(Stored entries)
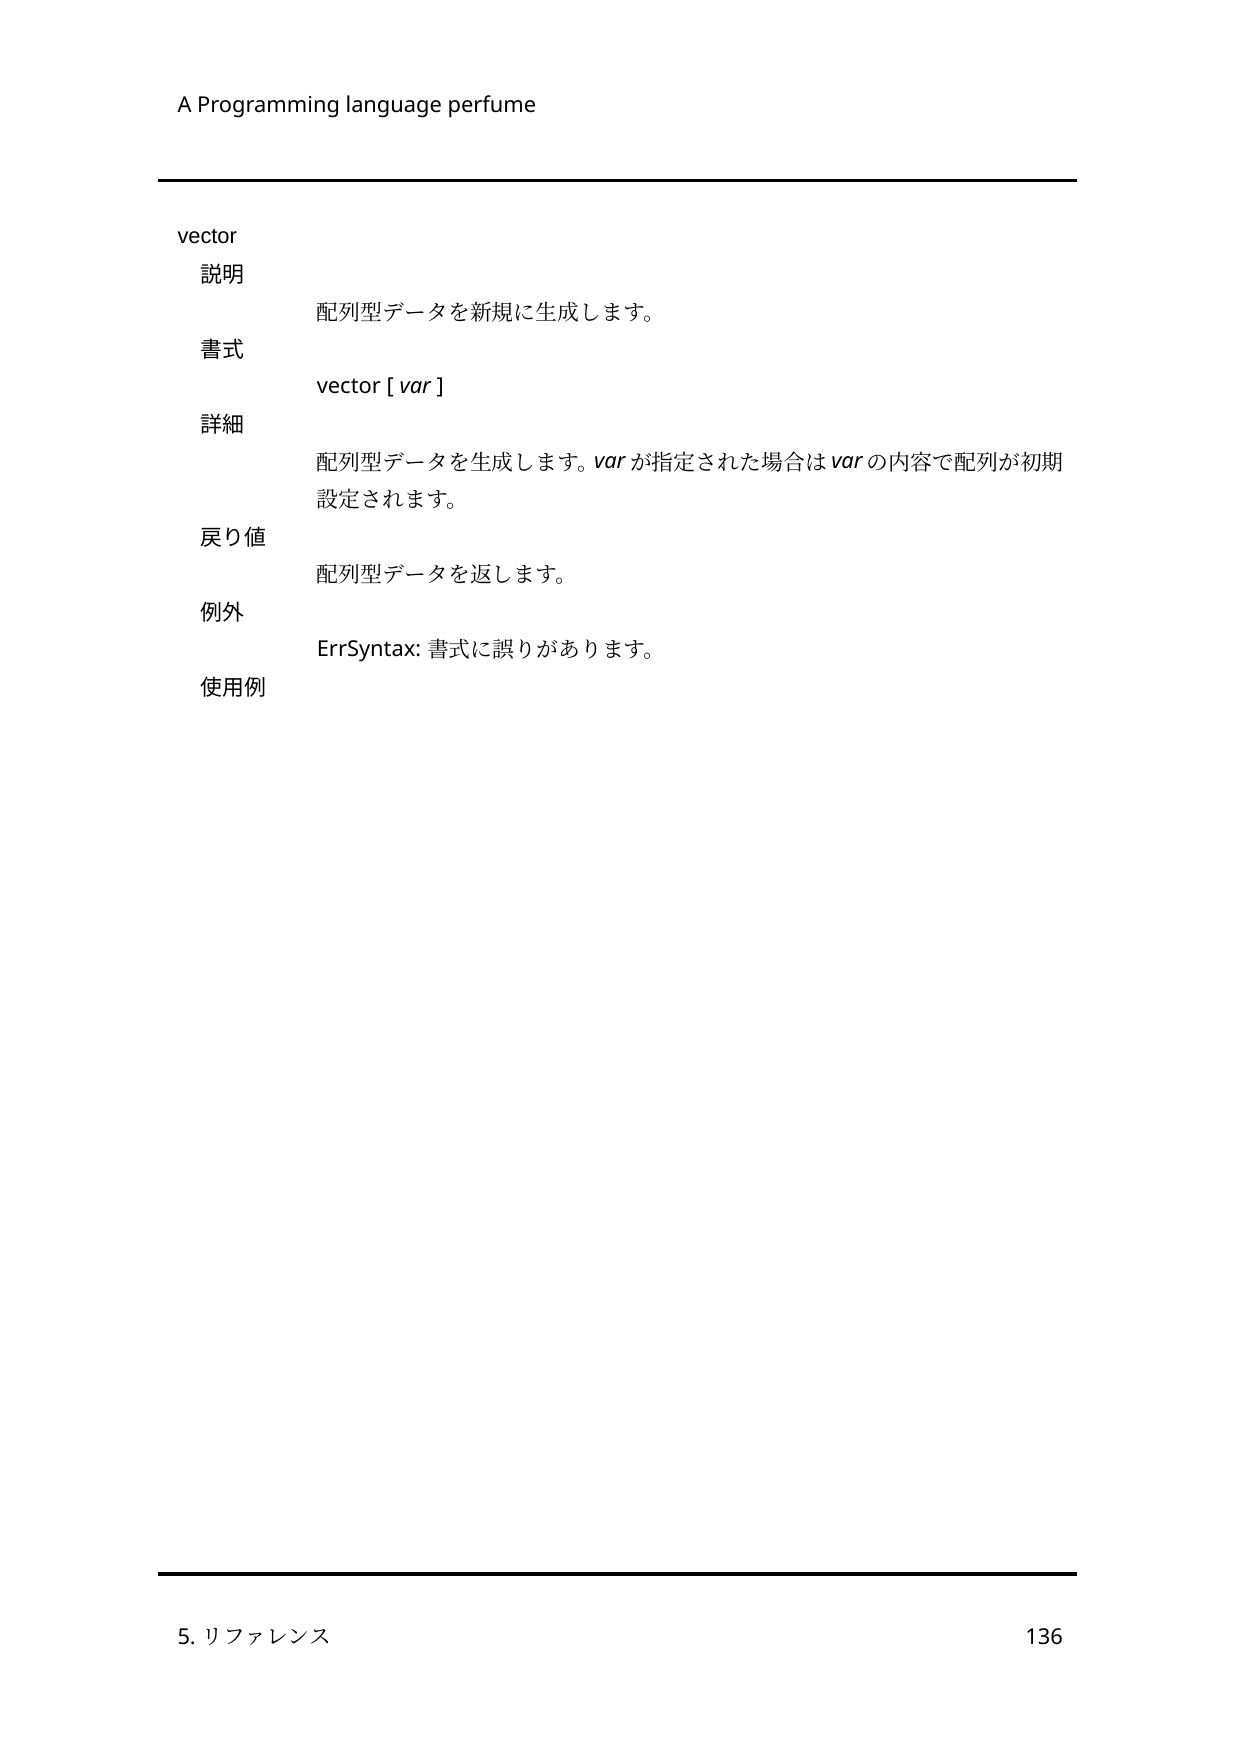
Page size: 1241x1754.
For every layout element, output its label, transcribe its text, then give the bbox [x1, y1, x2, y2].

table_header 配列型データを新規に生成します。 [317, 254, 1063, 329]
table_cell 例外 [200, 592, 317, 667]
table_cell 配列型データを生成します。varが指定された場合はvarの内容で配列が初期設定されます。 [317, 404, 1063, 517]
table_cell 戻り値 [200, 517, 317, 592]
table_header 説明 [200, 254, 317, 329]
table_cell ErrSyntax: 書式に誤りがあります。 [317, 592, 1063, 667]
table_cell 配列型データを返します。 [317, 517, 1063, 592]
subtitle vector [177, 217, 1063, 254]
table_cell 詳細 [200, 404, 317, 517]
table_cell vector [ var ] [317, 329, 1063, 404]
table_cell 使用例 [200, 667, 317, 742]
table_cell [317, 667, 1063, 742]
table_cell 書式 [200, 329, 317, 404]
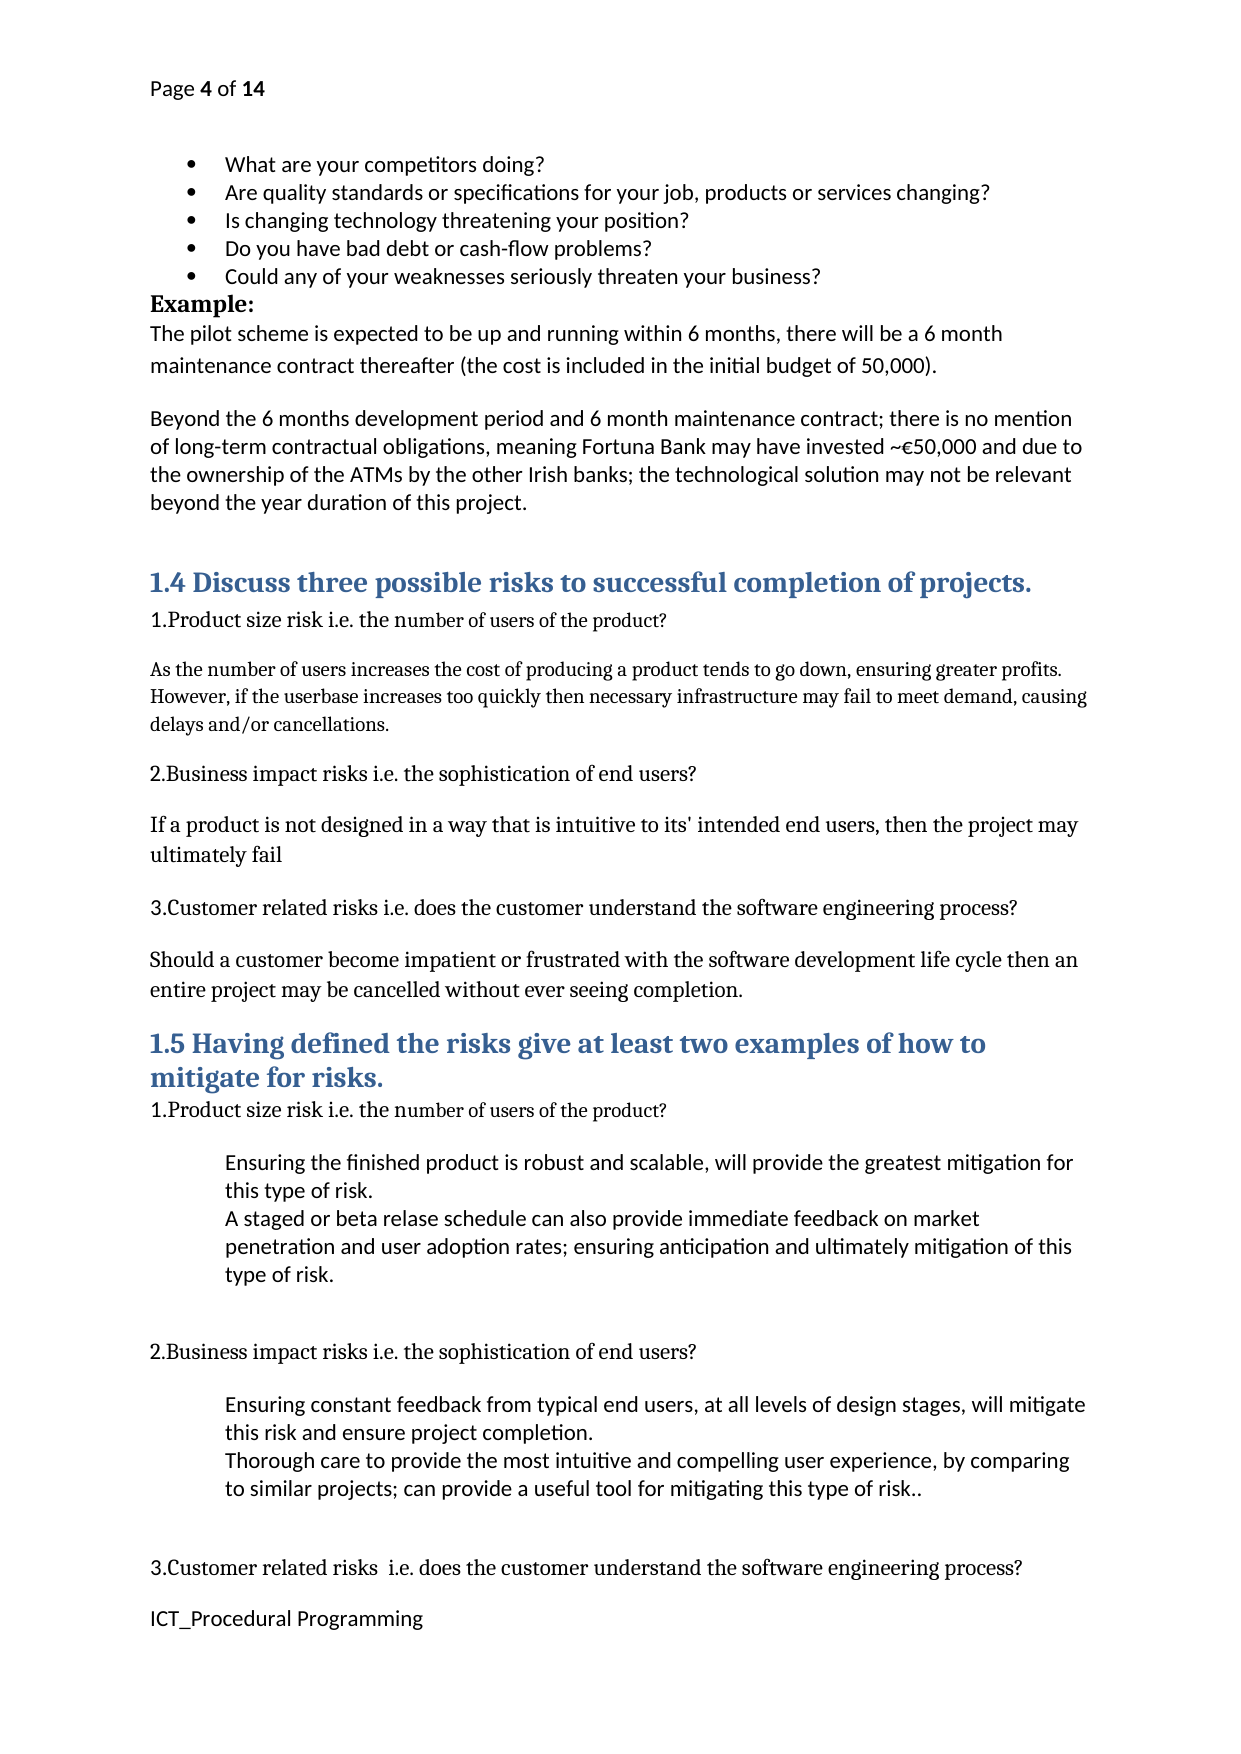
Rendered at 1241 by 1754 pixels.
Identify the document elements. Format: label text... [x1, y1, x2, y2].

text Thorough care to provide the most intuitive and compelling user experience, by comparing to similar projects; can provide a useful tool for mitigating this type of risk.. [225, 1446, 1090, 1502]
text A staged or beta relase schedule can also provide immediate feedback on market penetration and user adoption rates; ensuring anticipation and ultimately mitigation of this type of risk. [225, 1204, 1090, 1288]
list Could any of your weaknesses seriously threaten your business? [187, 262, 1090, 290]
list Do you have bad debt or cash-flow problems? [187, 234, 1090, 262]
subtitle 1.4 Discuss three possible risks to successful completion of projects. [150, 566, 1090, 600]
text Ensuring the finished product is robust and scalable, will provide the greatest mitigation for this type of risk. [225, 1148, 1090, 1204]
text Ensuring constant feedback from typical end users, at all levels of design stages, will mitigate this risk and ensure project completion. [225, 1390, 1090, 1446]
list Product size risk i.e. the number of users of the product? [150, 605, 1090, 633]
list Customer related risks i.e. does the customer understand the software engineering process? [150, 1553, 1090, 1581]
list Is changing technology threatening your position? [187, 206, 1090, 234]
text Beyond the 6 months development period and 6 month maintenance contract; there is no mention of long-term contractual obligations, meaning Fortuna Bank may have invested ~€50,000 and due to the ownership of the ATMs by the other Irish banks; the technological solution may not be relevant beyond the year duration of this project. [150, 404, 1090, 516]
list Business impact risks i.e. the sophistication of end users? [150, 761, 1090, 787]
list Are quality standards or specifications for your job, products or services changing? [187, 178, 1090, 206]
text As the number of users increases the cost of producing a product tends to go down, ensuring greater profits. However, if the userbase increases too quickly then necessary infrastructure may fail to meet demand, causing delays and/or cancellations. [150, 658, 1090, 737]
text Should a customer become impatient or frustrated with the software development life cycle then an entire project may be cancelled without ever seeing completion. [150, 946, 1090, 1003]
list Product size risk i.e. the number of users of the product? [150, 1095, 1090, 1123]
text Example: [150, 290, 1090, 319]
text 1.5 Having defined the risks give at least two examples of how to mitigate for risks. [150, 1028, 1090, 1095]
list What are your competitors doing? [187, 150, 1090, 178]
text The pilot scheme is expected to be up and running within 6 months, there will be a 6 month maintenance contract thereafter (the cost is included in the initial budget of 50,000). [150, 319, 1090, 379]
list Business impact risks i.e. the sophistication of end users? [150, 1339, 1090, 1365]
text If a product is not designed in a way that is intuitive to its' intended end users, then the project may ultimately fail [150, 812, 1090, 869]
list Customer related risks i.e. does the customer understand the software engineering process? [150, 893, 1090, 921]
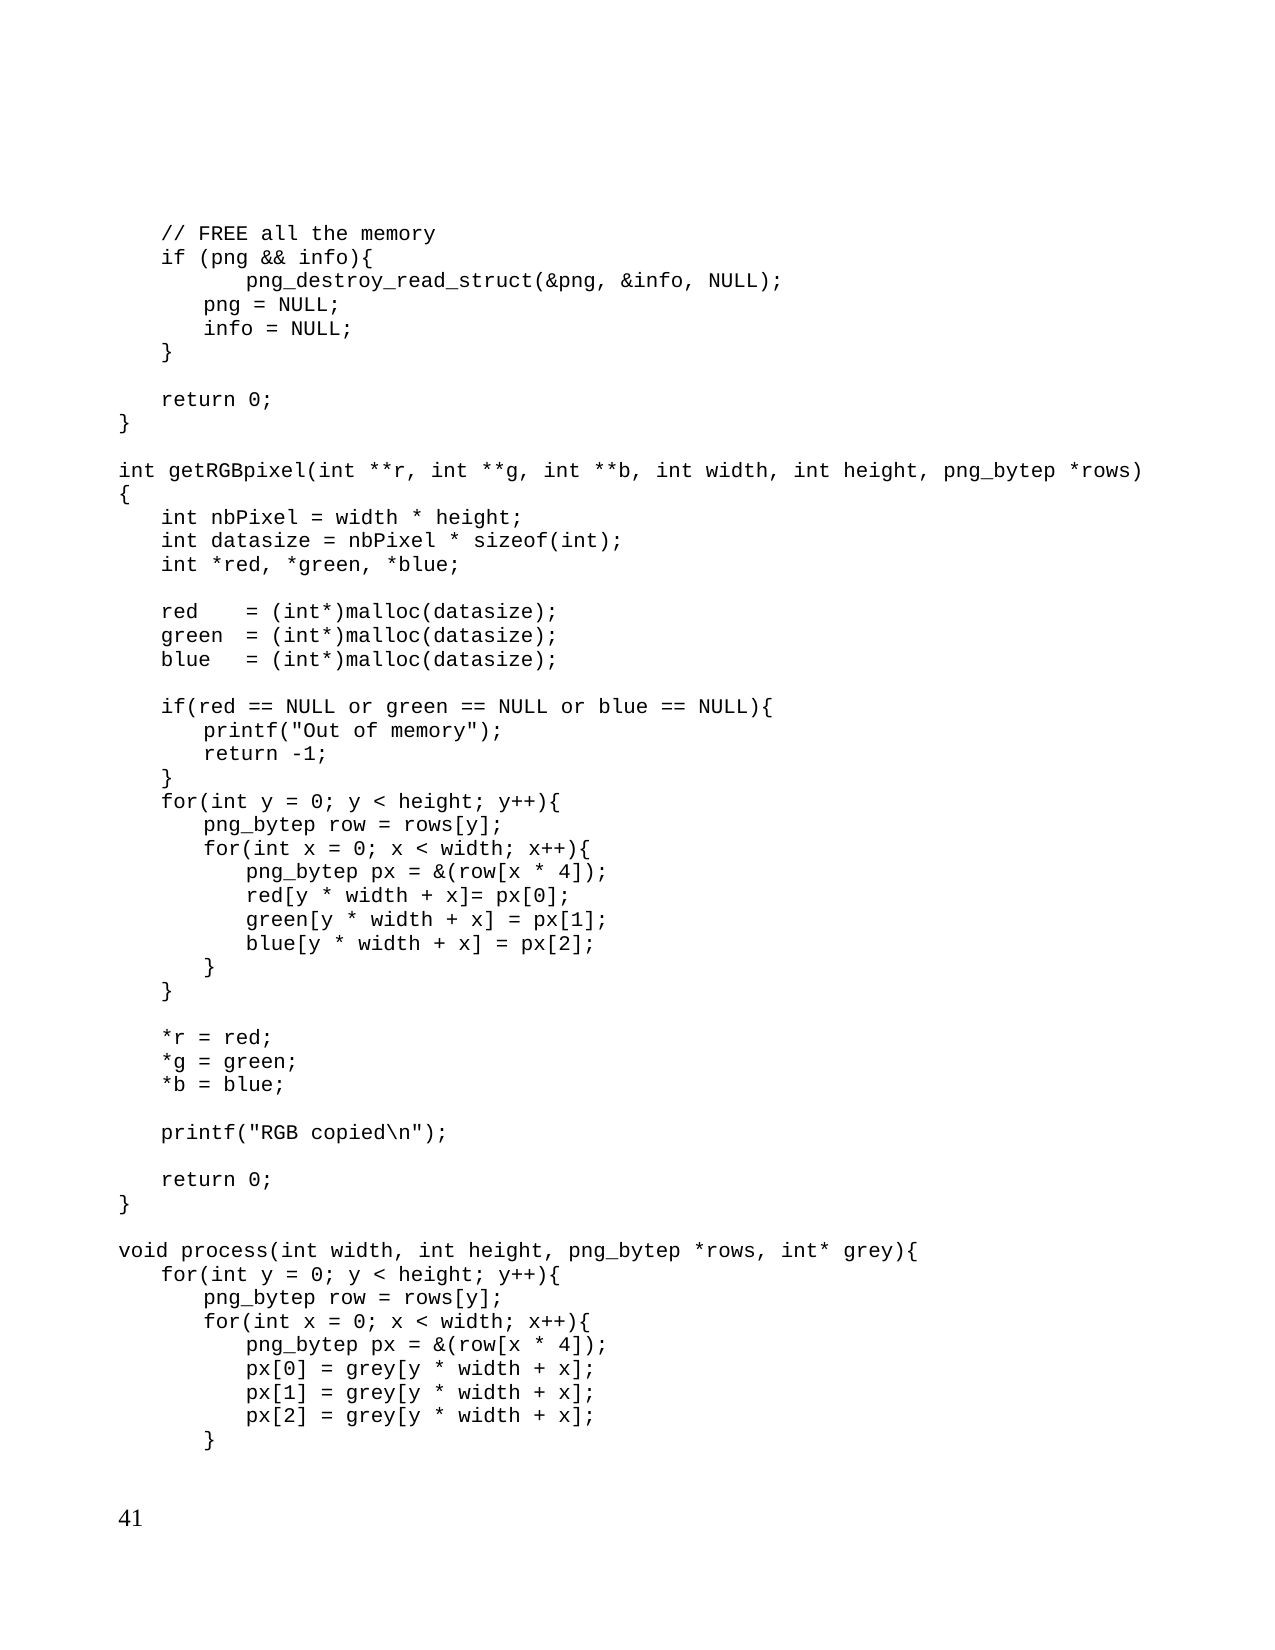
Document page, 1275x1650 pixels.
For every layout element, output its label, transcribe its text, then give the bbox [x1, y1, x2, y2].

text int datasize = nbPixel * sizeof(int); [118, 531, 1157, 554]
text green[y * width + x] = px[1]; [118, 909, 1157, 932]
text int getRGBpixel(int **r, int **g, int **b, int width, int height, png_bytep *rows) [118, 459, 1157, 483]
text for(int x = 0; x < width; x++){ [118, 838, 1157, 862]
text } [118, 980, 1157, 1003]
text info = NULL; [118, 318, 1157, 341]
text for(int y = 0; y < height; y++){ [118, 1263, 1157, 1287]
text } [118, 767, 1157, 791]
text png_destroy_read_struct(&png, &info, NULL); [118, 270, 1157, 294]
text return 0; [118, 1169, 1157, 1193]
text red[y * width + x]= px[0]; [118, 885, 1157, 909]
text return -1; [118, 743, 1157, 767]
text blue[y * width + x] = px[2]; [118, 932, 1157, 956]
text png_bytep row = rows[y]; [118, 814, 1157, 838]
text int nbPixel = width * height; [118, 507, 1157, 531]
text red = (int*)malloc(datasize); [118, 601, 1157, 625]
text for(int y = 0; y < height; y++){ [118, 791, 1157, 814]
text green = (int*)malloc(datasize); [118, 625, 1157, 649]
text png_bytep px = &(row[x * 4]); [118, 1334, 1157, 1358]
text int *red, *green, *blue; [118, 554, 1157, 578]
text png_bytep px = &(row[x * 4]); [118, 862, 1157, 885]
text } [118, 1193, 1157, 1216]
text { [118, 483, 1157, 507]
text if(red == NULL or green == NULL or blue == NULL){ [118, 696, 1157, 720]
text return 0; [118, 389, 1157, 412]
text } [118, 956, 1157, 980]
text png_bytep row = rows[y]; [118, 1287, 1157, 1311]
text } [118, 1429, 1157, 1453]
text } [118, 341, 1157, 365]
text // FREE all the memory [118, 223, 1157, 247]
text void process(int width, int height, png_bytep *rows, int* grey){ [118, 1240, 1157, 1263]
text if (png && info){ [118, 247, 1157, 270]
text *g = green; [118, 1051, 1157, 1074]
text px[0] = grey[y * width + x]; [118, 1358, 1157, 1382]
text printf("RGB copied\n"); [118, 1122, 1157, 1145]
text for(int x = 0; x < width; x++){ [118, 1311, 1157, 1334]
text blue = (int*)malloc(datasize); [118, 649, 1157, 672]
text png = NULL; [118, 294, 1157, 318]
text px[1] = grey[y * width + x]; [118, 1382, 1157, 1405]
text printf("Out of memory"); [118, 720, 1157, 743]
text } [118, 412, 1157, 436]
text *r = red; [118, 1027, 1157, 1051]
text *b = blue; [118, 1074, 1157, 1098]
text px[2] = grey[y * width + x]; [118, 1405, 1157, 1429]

WORK INSTRUCTIONS
Out of the data above, transcribe exactly and only the lines starting with the line that has "text px[0] = grey[y" and going on through the line that has "text *b = blue; [118, 1074, 1157, 1098]", both included.

YOUR RESPONSE
text px[0] = grey[y * width + x]; [118, 1358, 1157, 1382]
text printf("RGB copied\n"); [118, 1122, 1157, 1145]
text for(int x = 0; x < width; x++){ [118, 1311, 1157, 1334]
text blue = (int*)malloc(datasize); [118, 649, 1157, 672]
text png = NULL; [118, 294, 1157, 318]
text px[1] = grey[y * width + x]; [118, 1382, 1157, 1405]
text printf("Out of memory"); [118, 720, 1157, 743]
text } [118, 412, 1157, 436]
text *r = red; [118, 1027, 1157, 1051]
text *b = blue; [118, 1074, 1157, 1098]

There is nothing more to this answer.